Of course, writing invariants and contract tests still defines correctness through code. Humans write rules; AI finds paths within them. But this model points toward a further horizon: a day when humans may not need to translate constraints into code at all. You simply say “the API response must fall within these cases,” and the AI understands, checks its own generated code against the statement, and determines whether it passes. At that point, the “gate” the human guards is no longer code — it’s human intent itself. The cost: you lose mechanical determinism — no compiler tells you definitively pass or fail. But what you gain crosses a gap of orders of magnitude that code-level constraints can never bridge.
This is feasible because of an underlying shift in the cost structure. In the human era, defining the path was cheaper than defining the boundary — writing five unit tests was far easier than writing one formal invariant. In the AI era, the cost of implementation approaches zero and the capacity to explore paths has exploded, but the cost of verification — especially human verification — remains high. Redirecting human effort from “writing path tests” to “defining boundary constraints” is repositioning your most expensive resource — human judgment — onto its most irreplaceable position.
Our intuition says that AI’s uncertainty calls for deterministic constraints, and TDD seems like the optimal solution to this tension.
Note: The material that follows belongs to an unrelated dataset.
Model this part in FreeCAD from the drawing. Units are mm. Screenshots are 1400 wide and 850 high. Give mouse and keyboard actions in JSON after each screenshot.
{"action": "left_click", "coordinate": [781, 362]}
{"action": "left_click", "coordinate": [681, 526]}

But that intuition misses a critical variable: whether the constrained entity possesses an internal standard of correctness. Humans do, so TDD in human hands is a road-sign system. AI does not, so TDD in AI hands is a Goodhart’s playground. Same methodology, different operator, different output.
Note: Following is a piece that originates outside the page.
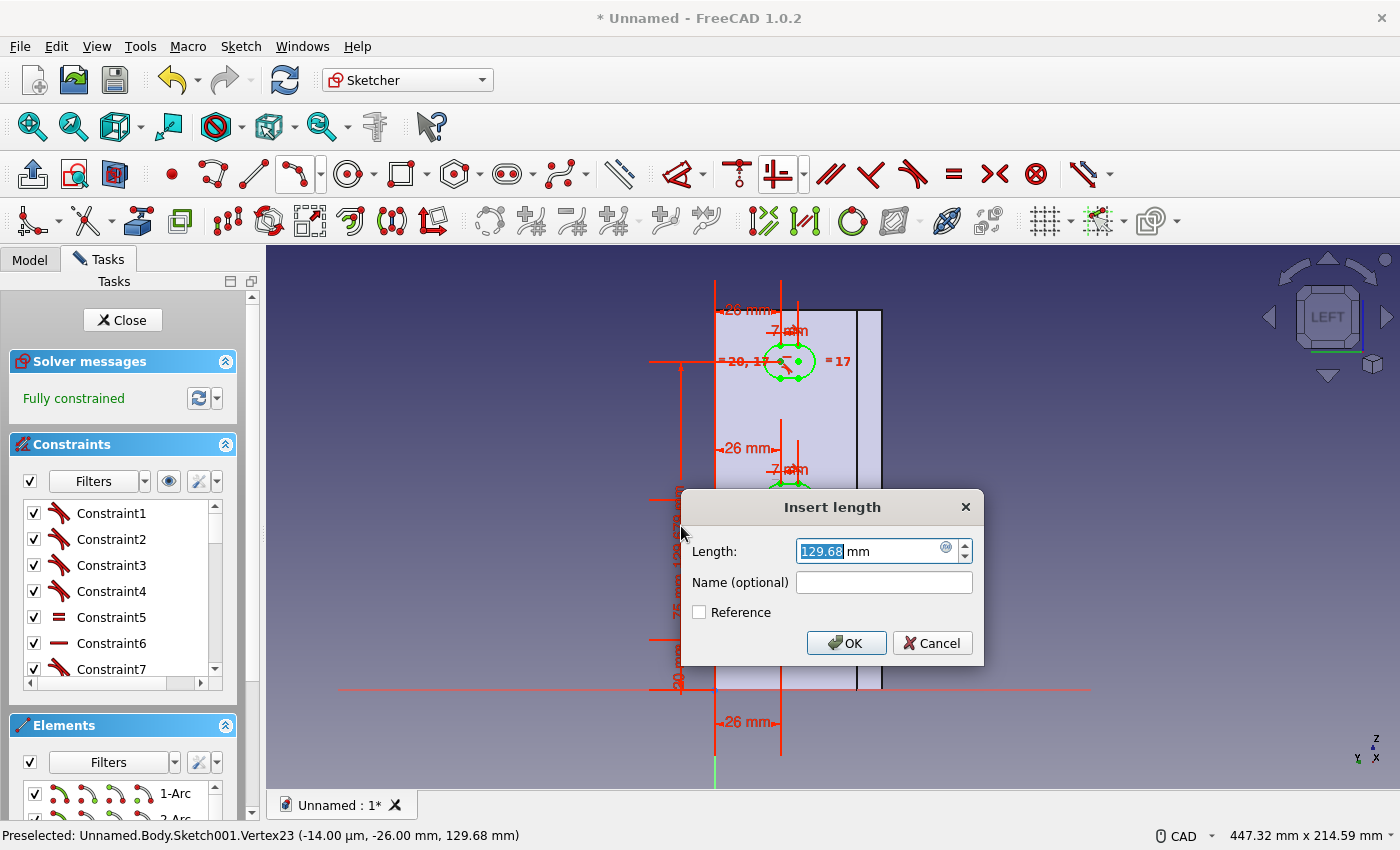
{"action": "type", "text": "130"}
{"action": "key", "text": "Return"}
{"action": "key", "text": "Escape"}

This doesn’t mean we should abandon testing. On the contrary, the AI era demands heavier testing than ever — higher density, harder to game. But its form is no longer unit tests carpeting every function; it’s invariants, contracts, and E2E verification concentrated at system boundaries. Determinism should guard the destination, not litter every inch of the road.
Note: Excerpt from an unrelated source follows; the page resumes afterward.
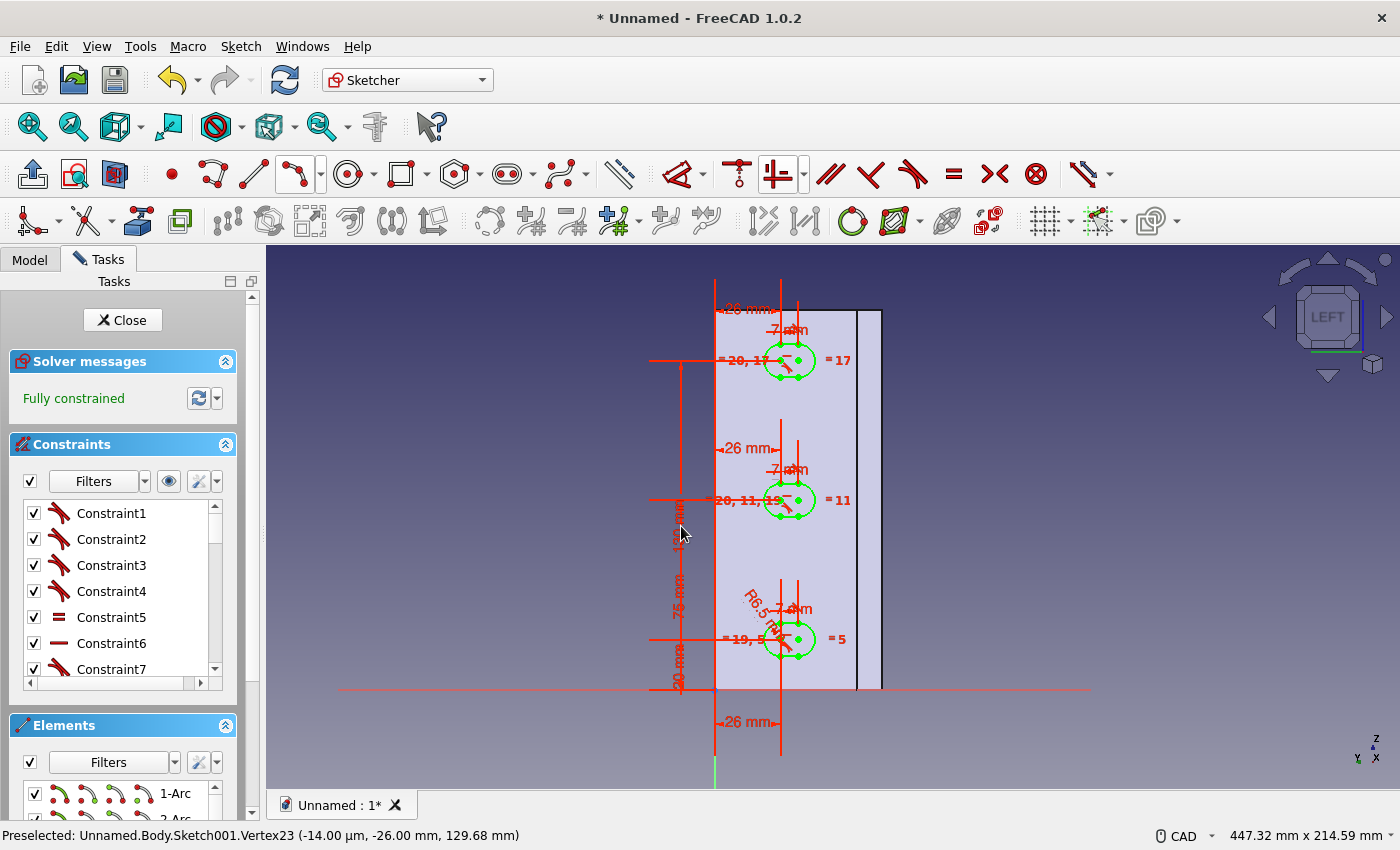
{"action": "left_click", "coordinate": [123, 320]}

Yet even this is an intermediate state. Property-based testing, contract testing — at the end of the day, humans are still defining correctness through code: writing rules, writing invariants, writing checkers. And what code can express as constraints is always finite: you write down rules one by one; the AI sees an entire space it can freely explore. This frontier remains open: the next step is handing the judgment of “did the test pass” over to AI itself — describing acceptance criteria in natural language, and letting a second AI instance judge whether the first AI’s code satisfies them. The flexibility of this path is something code-level testing can never match. The cost: you lose mechanical determinism — test pass/fail is no longer an absolute, repeatable signal. This is a genuine trade-off, worth an entire article of its own. But whichever path you choose, one thing is certain: expecting to bridge the gap between AI and traditional testing by adding more unit tests or tweaking the TDD process — this is a gap measured in orders of magnitude. Not a matter of attitude, not something methodology iteration can close.